O rosto é que é a máscara.
É preciso inventar qualquer coisa para poder tirar o rosto.
É preciso fazê-lo depressa, antes que se acabe o tempo.
Colocar chapeuzinhos de sol nos pulsos e nos tornozelos.
Uma saia de palha, como nas tribos da Guiné.
Máscaras rectangulares, como dançarinos do Mali.
Que espanto, o rosto no espelho.
Que estranheza.
Teria três, quatro anos?
Perguntava: é isto?
Esperava talvez que fosse outra coisa.
Koala, tigre, lagarto, borboleta, flor.
Tudo num rosto parece tão desavindo.
Os olhos, o nariz, os dentes, o cabelo, as pestanas, as sobrancelhas.
A boca por dentro. As amígdalas.
Será que conseguiremos um dia amar o nosso rosto?
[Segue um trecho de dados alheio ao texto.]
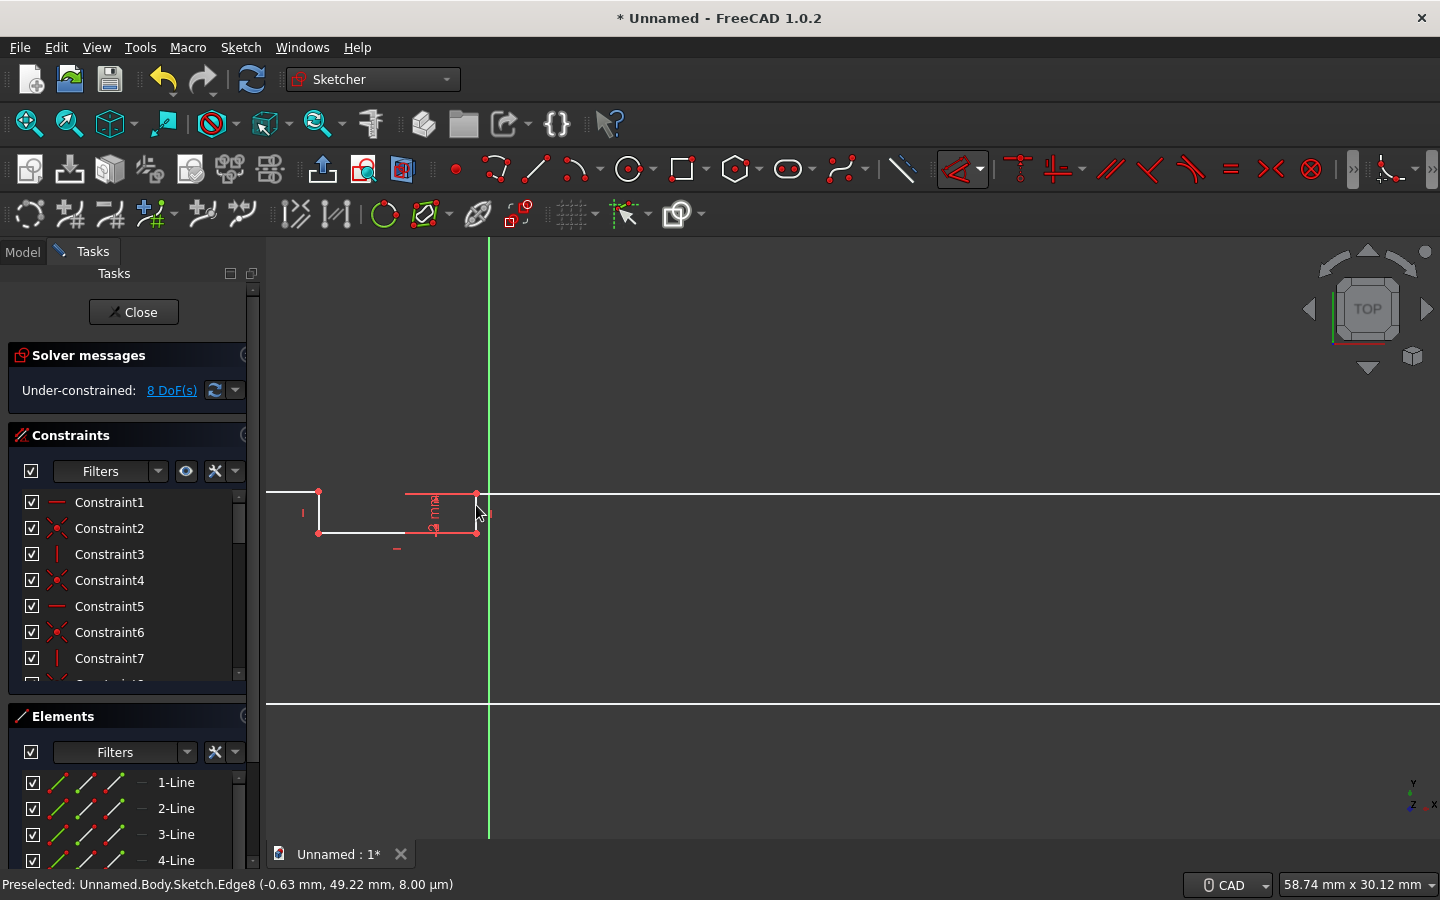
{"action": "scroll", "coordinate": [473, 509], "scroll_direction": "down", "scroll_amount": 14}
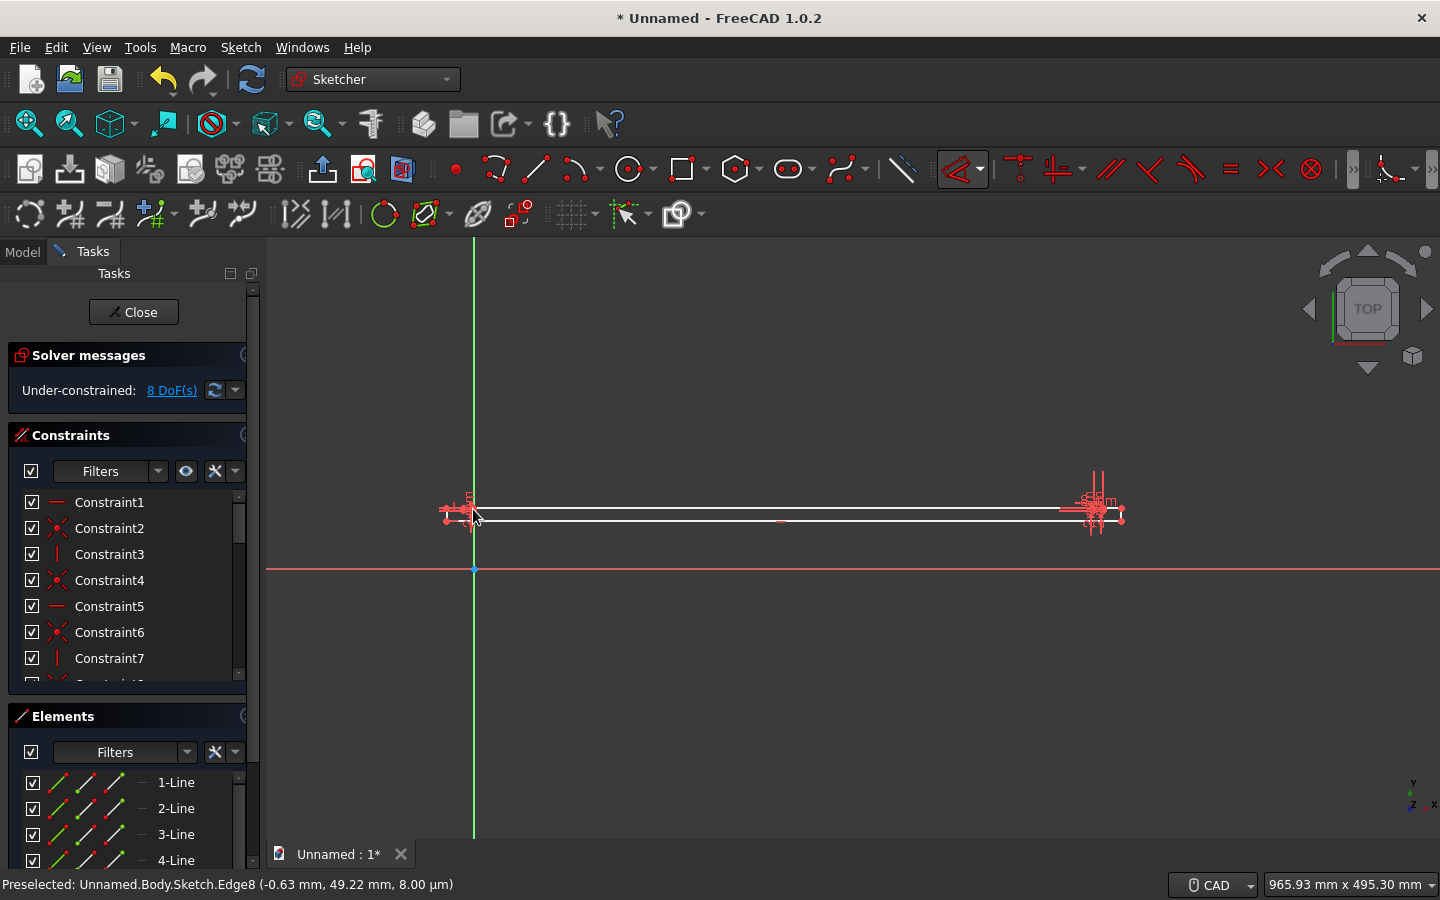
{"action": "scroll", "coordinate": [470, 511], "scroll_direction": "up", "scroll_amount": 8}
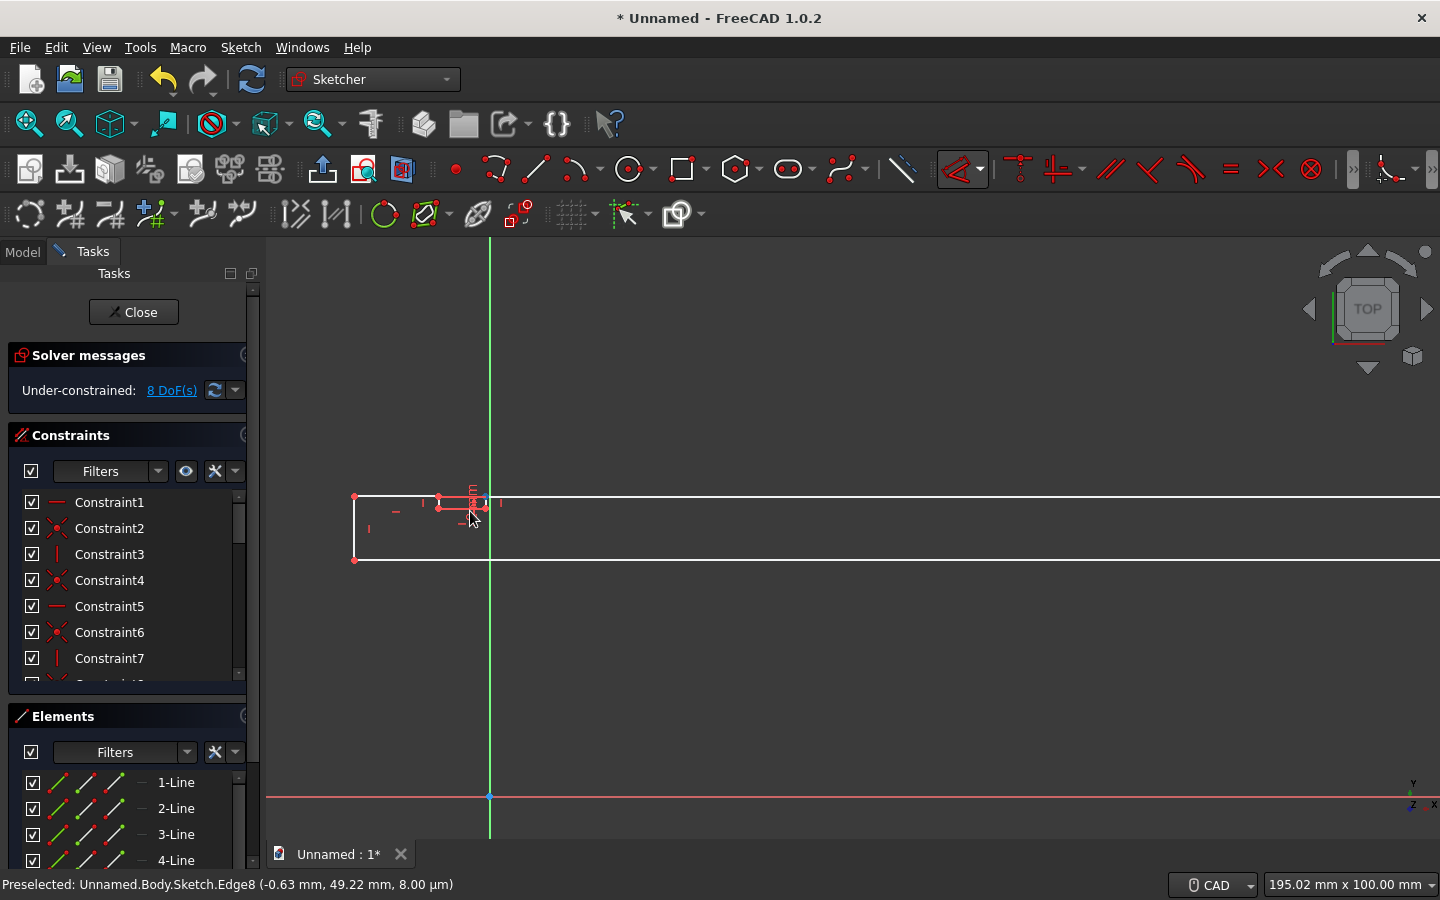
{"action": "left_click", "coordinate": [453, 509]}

Em fotografias que já não são as do meu rosto actual,
então de súbito sinto que aquilo era eu.
O tempo voa.
A consciência de ser alguma coisa é sempre desfasada.
Talvez um dia depois de morta
olhe para o meu último rosto muito enrugado e suspire por ele.
Teremos certamente um ou mais rostos por ano.
Talvez a maior estranheza talvez seja não ser outra coisa.
Um pássaro.
Uma chita veloz. Um raio de luz.
Uma pedra. Uma nuvem de pó.
Será a memória filogenética
ou antes a possibilidade de ser realmente qualquer coisa mais plástica?
Uma expressão mais abstracta e acidental da vida?
Talvez a simples sensação de ter sido um embrião no ventre materno
que em tempos abandonou as guelras e em que as mãos,
antes de se separarem os dedos, foram barbatanas.